Social CRM: Why Sales and Marketing Should Work Together

Sales walking in dimly lit roomMost businesses recognize that sales and marketing should work together. After all, the goal of marketing is produce leads, and the goal of sales is to convert leads. But more often than not, sales and marketing operate in silos.

As a result, neither side knows what the other is doing. At best, they might have a vague idea. Although the jobs of sales and marketing are directly related, goals are different and metrics for measuring success are different. Marketing doesn’t want to hand over the keys to its tools to sales, and sales doesn’t want marketing stepping on their toes.

Inevitably, opportunities are missed and dollars are wasted.

Part of the problem is the misconception that “working together” requires a merger of sorts between sales and marketing departments, with one manager overseeing a unified unit. In reality, “working together” simply means collaborating more closely and having visibility into the same data.

Thanks to the growing influence of social media on the sales process, the need for closer collaboration between sales and marketing has never been greater. Marketing is constantly sharing content and engaging with prospects on social media. Because marketing wants to control the conversation, follow company rules, and ensure consistent messaging, any perceived interference by sales can disrupt the process.

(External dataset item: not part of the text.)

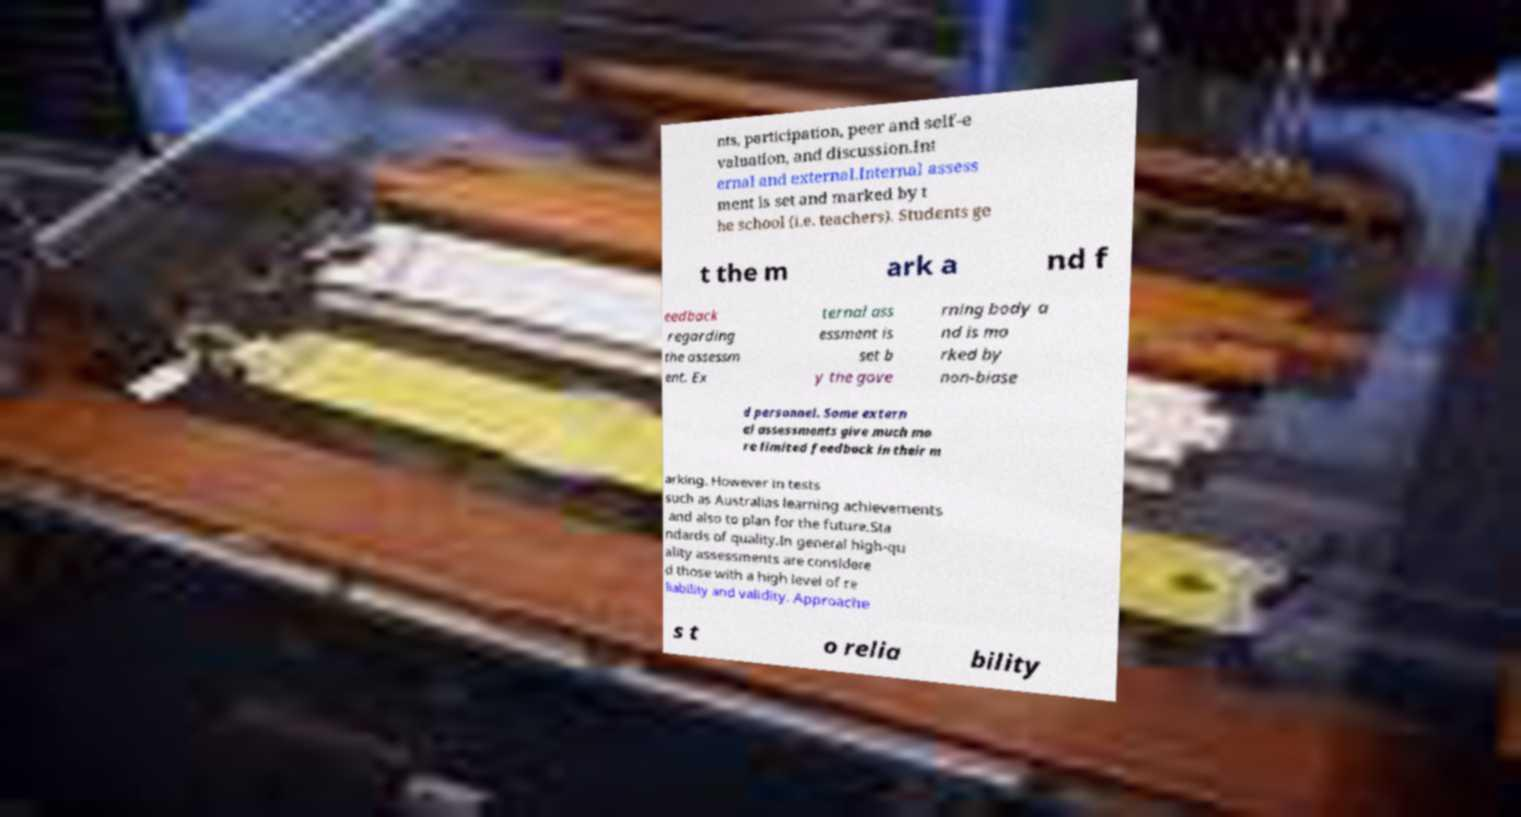I need the written content from this picture converted into text. Can you do that? nts, participation, peer and self-e valuation, and discussion.Int ernal and external.Internal assess ment is set and marked by t he school (i.e. teachers). Students ge t the m ark a nd f eedback regarding the assessm ent. Ex ternal ass essment is set b y the gove rning body a nd is ma rked by non-biase d personnel. Some extern al assessments give much mo re limited feedback in their m arking. However in tests such as Australias learning achievements and also to plan for the future.Sta ndards of quality.In general high-qu ality assessments are considere d those with a high level of re liability and validity. Approache s t o relia bility

However, sales needs to know what marketing is doing so they can speak about it intelligently. Sales needs to understand the level of engagement between the brand and prospect so they can tailor their sales approach for each individual.

That brings us to the million-dollar question.

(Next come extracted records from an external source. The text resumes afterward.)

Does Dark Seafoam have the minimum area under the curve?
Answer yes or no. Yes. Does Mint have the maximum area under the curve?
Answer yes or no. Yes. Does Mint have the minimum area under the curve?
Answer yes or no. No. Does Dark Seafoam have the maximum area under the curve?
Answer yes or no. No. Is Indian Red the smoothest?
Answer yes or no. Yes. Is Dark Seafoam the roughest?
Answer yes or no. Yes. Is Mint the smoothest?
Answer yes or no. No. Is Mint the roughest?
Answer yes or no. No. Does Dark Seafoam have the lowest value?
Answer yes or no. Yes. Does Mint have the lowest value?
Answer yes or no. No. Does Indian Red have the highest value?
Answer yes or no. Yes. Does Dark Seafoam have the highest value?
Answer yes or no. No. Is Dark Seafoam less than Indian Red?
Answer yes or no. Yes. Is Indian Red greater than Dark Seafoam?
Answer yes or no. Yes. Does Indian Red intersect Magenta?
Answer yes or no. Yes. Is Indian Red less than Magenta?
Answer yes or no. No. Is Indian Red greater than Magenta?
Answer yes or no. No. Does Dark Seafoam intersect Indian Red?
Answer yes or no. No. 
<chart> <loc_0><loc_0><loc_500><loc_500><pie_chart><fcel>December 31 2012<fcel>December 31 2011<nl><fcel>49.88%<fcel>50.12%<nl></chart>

How does marketing provide sales with visibility into what’s happening on social media without giving sales direct access to your brand’s social media platforms?

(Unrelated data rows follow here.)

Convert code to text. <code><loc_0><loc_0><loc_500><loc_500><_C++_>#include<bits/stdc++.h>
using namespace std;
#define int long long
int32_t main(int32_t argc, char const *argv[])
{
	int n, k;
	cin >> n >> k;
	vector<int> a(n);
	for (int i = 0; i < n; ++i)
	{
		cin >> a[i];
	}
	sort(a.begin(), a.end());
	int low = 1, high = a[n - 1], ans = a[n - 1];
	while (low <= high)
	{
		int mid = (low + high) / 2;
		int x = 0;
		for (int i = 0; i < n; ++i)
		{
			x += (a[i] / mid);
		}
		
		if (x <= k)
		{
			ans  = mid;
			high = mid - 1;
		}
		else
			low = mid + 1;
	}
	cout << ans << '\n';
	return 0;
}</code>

Can a salesperson use their personal social media account to monitor sales leads? Yes, but they would probably end up with an incomplete view of each lead’s activity – unless the salesperson was willing to spend several hours or more each day on social media.

The more effective approach is to use a social customer relationship management (CRM) system. Social CRM makes it possible for sales to have visibility into social media activity without being directly engaged in the conversation.

With social CRM, the level of visibility goes deeper than knowing if someone commented on a post, clicked a link, or signed up for a blog. Social CRM uses lead scoring to quantify the level of the relationship between a prospect and your brand.

Marketing can continue to engage the prospect on the prospect’s preferred social media channel without ever leaving the social CRM. Sales can then pick up the phone or send an email or instant message to the prospect to start a one-on-one conversation, using the insights gained from the social CRM to strengthen the relationship and improve the odds of conversion.

Don’t let sales wander in dimly lit rooms.

The social aspect of sales is critically important to meeting business goals. But if sales doesn’t have visibility into your social media platform, you’re basically forcing them to operate in a dimly lit room. They have a general idea of what’s happening, but little details that would aid the sales process are being missed.

Social CRM turns the lights on. It allows sales to see exactly what’s happening and the depth of the relationship between each prospect and your brand. It helps them sell more effectively and speed up the process.

With social CRM, sales and marketing learn to speak the same language, share ideas, and better understand each other’s value and contributions. Finger-pointing is replaced with collaboration.

Sales and marketing don’t have to be attached at the hip, but they do have to work together. Social CRM provides a platform that allows for a more productive, profitable relationship.